Y, no obstante, el guardabosque se aprestaba a salir de Werst, y por su gusto, sin que nadie le obligase. El señor Koltz, aunque tenía interés en la empresa, y la población entera que no tenía menos, habían puesto todos los medios para que Nic Deck desistiera de su proyecto y volviese sobre su palabra. La misma Miriota, desolada y anegada en llanto, había suplicado a su novio que abandonese la idea de tal aventura. Antes de la advertencia dada por la voz, ya era grave, después, era una temeridad. ¿Y qué? En vísperas de su matrimonio, ¿iba Nic Deck a arriesgar su vida en semejante tentativa, y su novia, que se arrastraba a sus plantas, no conseguía retenerle?

Ni los ruegos de sus amigos, ni el llanto de Miriota, pudieron torcer el ánimo del guardabosque; lo que no sorprendió a nadie, conociendo el carácter indomable del joven, su tenacidad o, por mejor decir, su terquedad. Había dicho que iría al castillo de los Cárpatos, y nada podría impedirlo; ni aún aquella amenaza que tan directamente se le había hecho. Sí… Iría al castillo, aunque no volviese.
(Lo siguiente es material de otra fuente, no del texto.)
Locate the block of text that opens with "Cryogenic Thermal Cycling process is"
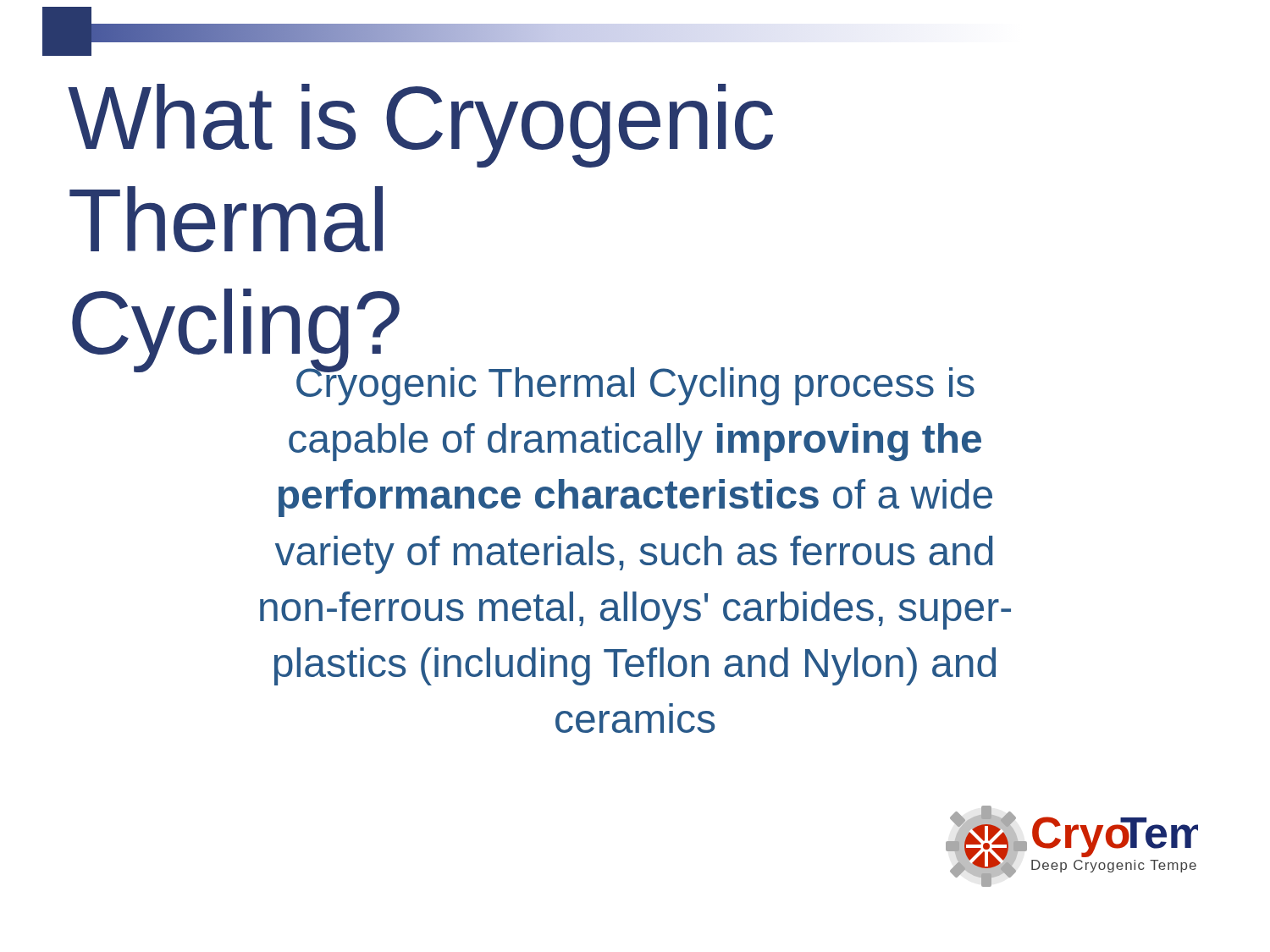1270x952 pixels. pos(635,551)

Cuando llegó la hora de partir, Nic Deck atrajo a Miriota hacia su corazón por última vez, en tanto que la joven se santiguaba con el pulgar, el índice y el dedo medio, según la costumbre rumana, y como homenaje a la Santísima Trinidad.

¿Y el doctor Patak? El doctor Patak, puesto en el trance de tener que acompañar al guardabosque, había tratado de excusarse, sin resultado. Había dicho cuanto podía decir; había hecho cuantas objeciones era posible hacer; se había parapetado tras de aquella misteriosa amenaza que prohibía ir al castillo…

-Esa amenaza sólo se refiere a mí, se limitó a responder Nic Deck.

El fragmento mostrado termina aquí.